Alec | 09.01.15 @ 16:45
My Lovie and I will be looking in to buying a home fairly soon so this article is a big help. I'd definitely be paying as much as I could per month towards the mortgage, but I agree that any extra money should go in savings. It's saddening to think about how much extra people with a bimonthly payment wasted that could have gone towards other bills or the mortgage the correct way!
gracie | 09.01.15 @ 16:54
I have never felt like bi-monthly payments were a good fit for me and this articles certainly did a great job highlighting the reasons that other options may be a better financial fit in the long run!
trish | 09.01.15 @ 17:07
We were highly recommended to go this route by our lender. I mean, they almost force fed it to us. We declined. After reading this, I am still happy with our decision.
Angie | 09.01.15 @ 18:25
I've always wondered why I'd want to pay someone else to do something that I could easily do myself. The information about prepayment not being very advantageous is surprising to me, though.
Christina | 09.01.15 @ 20:30
Thanks for all the information. We are in process of buying a home. I'm glad to have read this first.
Donnie | 09.01.15 @ 20:30
Good to know. Our next house purchase will be easier.
Rychana Vingia | 09.01.15 @ 20:52
I don't like the idea of making biweekly payments. I don't think I would ever go that route.
Wanda Langley | 09.01.15 @ 22:02
Great information for someone getting ready to buy a house or refinance the one they have already.
Heather | 09.01.15 @ 23:23
Very good information for those who were considering it.
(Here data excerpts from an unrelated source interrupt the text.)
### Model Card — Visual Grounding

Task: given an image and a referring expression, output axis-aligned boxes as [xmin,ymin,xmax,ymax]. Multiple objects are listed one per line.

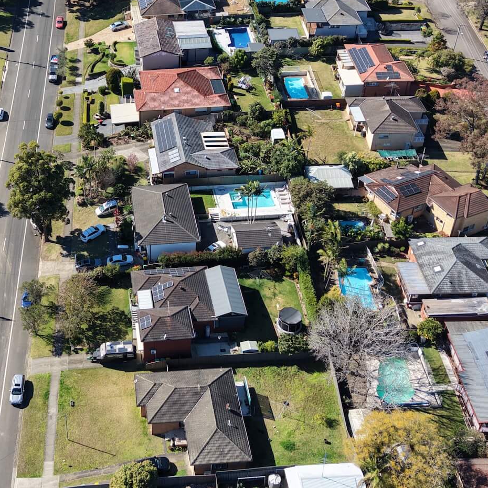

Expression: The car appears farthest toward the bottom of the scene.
[144,452,181,479]
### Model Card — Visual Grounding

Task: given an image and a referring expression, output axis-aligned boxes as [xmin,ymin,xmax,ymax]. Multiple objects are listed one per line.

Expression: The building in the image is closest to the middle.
[228,222,281,260]
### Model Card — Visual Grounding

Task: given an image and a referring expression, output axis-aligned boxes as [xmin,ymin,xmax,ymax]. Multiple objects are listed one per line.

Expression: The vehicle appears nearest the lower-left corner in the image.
[8,375,24,406]
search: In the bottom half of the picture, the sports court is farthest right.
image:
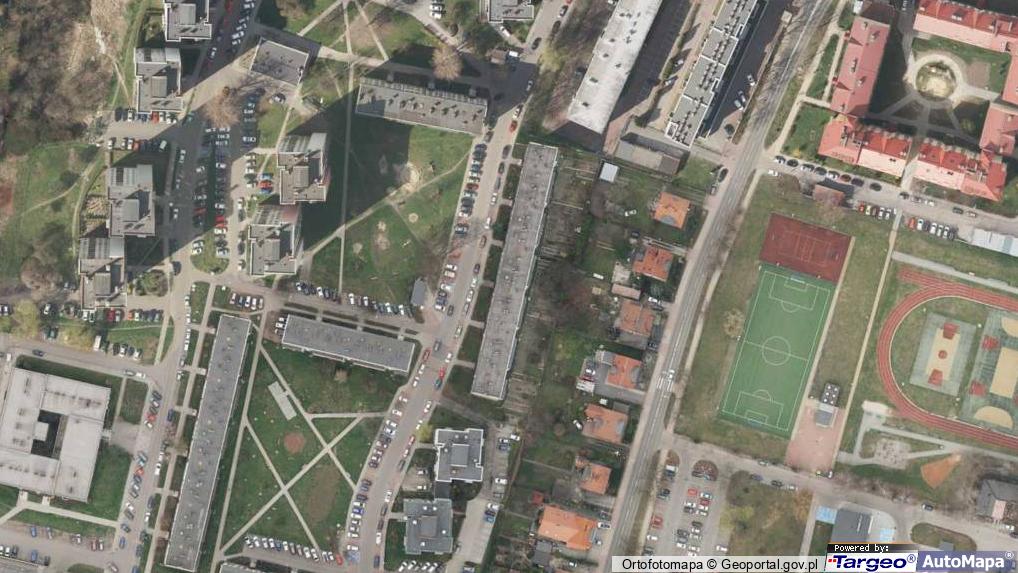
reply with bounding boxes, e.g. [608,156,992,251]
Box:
[962,309,1018,432]
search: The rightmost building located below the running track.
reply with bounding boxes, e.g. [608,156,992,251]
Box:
[977,477,1018,524]
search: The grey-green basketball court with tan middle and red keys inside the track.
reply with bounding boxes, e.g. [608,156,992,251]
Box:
[911,313,977,396]
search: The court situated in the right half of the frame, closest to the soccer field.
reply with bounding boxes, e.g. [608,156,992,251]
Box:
[761,213,852,283]
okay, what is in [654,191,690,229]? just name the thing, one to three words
house
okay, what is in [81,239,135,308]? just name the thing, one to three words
building
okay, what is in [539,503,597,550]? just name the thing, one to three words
house
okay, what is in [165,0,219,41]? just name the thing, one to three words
building
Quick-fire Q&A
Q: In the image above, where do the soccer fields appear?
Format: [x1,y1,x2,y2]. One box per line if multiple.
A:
[718,262,836,440]
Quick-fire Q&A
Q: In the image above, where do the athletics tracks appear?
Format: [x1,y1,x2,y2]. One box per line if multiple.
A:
[878,277,1018,448]
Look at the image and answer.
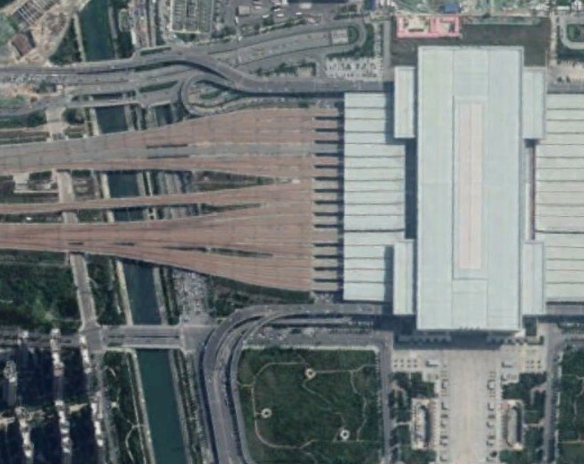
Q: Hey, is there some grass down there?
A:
Yes
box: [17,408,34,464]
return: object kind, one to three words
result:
building
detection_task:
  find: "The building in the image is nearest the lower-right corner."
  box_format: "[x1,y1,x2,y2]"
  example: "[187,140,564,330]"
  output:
[504,399,522,451]
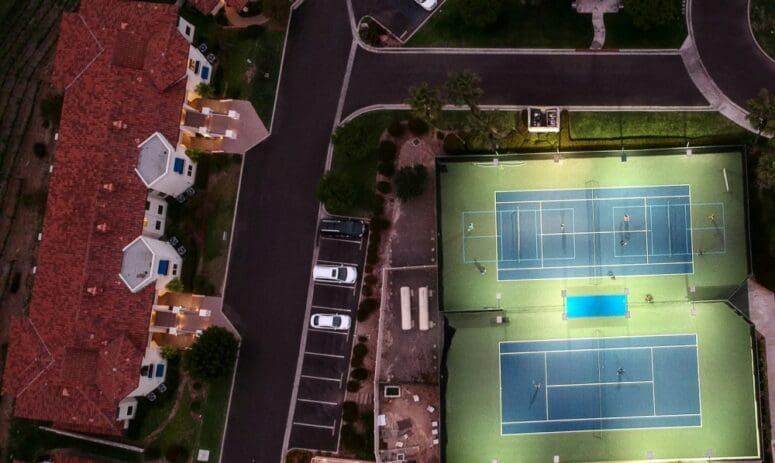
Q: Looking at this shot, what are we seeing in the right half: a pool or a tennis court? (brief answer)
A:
tennis court
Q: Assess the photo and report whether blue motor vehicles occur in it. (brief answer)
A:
No
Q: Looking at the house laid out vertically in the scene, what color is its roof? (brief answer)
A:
red
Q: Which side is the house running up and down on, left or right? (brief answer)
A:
left
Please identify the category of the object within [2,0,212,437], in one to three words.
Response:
house
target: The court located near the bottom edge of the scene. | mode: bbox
[444,303,758,463]
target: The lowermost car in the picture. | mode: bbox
[310,312,352,331]
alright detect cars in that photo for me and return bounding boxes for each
[310,312,352,331]
[414,0,439,12]
[313,263,359,284]
[320,219,368,241]
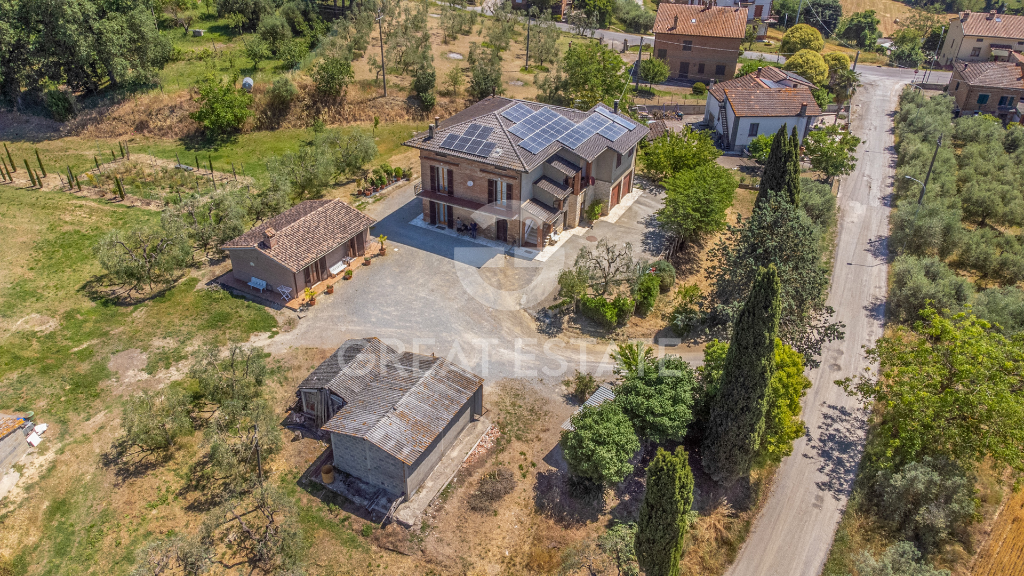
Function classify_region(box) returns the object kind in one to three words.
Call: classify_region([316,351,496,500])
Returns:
barn
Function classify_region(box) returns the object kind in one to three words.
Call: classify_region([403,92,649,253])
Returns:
house
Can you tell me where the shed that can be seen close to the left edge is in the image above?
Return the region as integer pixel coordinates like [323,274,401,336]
[0,400,29,465]
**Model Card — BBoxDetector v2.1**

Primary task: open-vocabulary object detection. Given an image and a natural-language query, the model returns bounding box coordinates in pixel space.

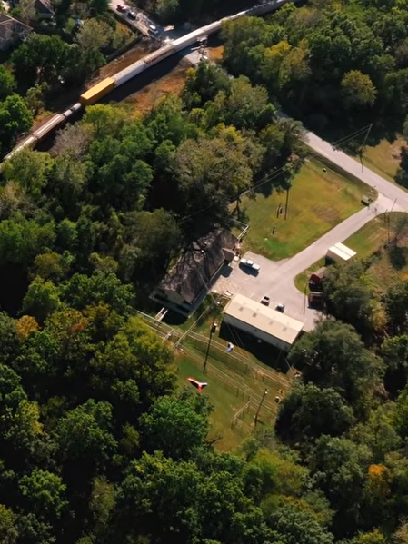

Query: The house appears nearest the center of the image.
[138,233,251,335]
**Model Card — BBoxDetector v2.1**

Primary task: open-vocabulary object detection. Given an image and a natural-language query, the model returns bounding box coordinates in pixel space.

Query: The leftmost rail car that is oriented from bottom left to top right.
[2,136,36,166]
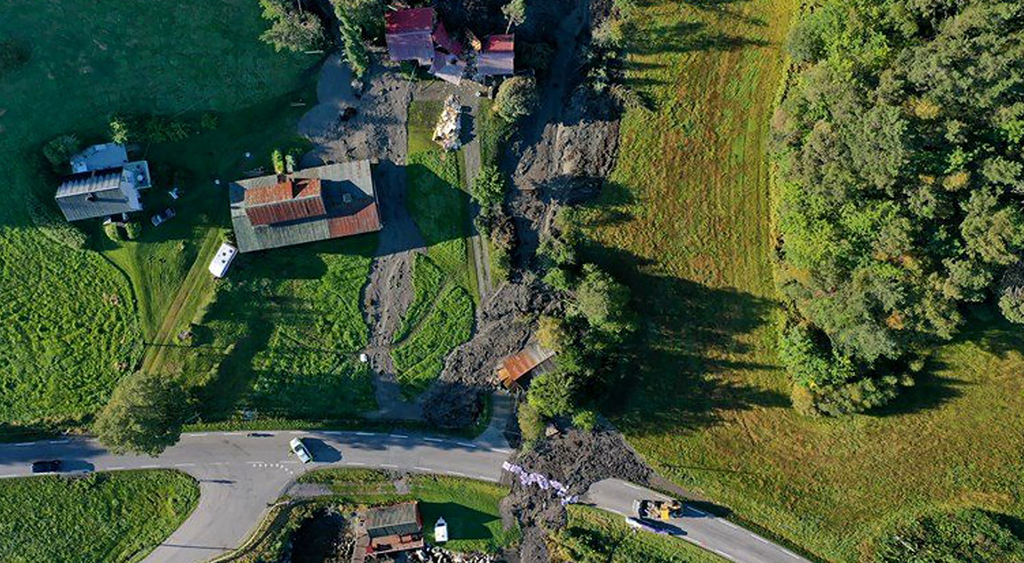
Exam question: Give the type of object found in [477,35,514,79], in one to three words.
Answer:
barn
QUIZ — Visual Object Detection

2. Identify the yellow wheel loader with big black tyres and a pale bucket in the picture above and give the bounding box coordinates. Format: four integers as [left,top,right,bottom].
[631,497,681,521]
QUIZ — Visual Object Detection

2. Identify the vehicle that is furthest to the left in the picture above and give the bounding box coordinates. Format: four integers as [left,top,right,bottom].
[33,458,64,473]
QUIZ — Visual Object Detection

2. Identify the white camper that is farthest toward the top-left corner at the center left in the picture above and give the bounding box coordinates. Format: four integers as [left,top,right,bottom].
[210,240,241,277]
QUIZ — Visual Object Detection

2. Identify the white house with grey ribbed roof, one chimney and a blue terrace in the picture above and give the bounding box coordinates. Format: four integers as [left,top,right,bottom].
[53,142,155,222]
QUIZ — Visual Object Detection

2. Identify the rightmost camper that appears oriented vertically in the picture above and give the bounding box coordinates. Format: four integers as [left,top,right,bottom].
[434,509,448,541]
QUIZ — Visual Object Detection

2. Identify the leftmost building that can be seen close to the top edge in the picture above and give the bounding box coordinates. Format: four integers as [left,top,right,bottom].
[386,10,437,71]
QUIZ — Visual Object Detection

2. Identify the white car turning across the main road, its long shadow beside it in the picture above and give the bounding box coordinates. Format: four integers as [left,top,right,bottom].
[289,436,314,464]

I've always been told to just save your money and make one monthly payment towards principal only to cut down the length of your mortgage.
mileaway | 09.03.15 @ 16:54
I do it myself. I don't need to pay a company to make my payments. 99% of all lenders allow you to make no penalty prepayments nowadays. Who and why would anyone take out a loan that didn't allow to you to pay it off early unless they like giving their money away!